The Balance Beam
The teen years. Mine were full of ups and downs and all arounds.
One of my anchors was gymnastics. I loved every minute. I progressed at a steady pace, always learning by watching more advanced gymnasts. I spent four days a week at the gym and looked forward to the competitions. I felt alive.
I will never forget the day when I mastered the front and back walkover on the balance beam. It was a moment I felt rewarded for the focus, practice and careful study of the skill. Although the uneven bars were my favorite element, the balance beam was a close second.
The balance beam intrigued me and challenged me in a distinct way. I had to be acutely aware of the movement and rhythm in relation to one another. It took confidence and trust in myself to try new skills. My core had to be strong. I had to be rested and ready. And I had to practice. A lot.
My gymnast days came to the forefront of my mind recently. As we entered into the Fall season, I woke up each day feeling worn out. My emotions were up and down and all around. I was plagued by fear and lacked confidence in my normal abilities. There had been numerous changes in my life, good changes, but still change. I decided to do a balance check.

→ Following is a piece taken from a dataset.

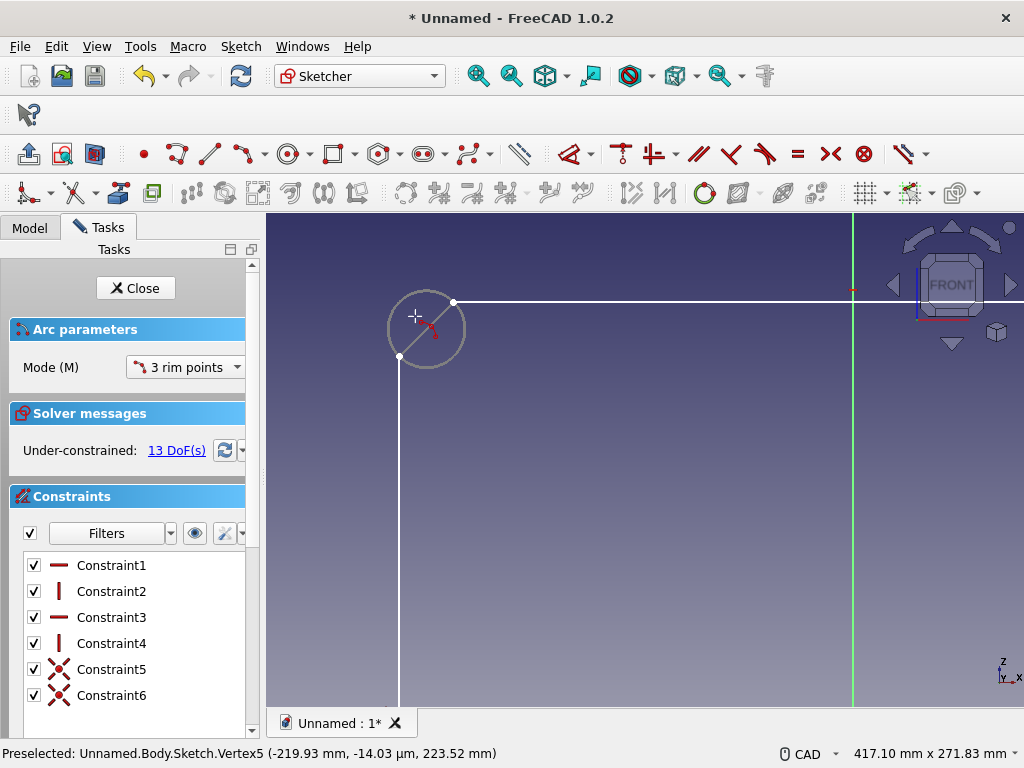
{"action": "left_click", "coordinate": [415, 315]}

Am I worn out? (Worn out is past being tired)
Am I burned out? If so, what are my expectations of others and of myself? Are they realistic?
Do I need to let something go?
Can I sit still and listen to me? To God?
How can I get real rest?
How can I be kind and gentle to myself?
As I processed through the balance check, the truth made itself known.
I needed soul rest. I needed to list out my projects, timelines and ask for help to get things done. I created a new vision of the future and allowed space. Space to be, space to rest, space to connect spontaneously. Time for fun and time for a day away. I reconnected with myself and opened up to family. I regained my balance, moved forward and became acutely aware of how the focus, movements and rhythms of my life affected one another.
Just like those skills on the balance beam..
And although I did not become a famous Olympic gymnast, my gymnast days planted life lessons in my soul. Lessons that help me feel alive.
And I am forever thankful.
I pray that out of his glorious riches he may strengthen you with power through his Spirit in your inner being.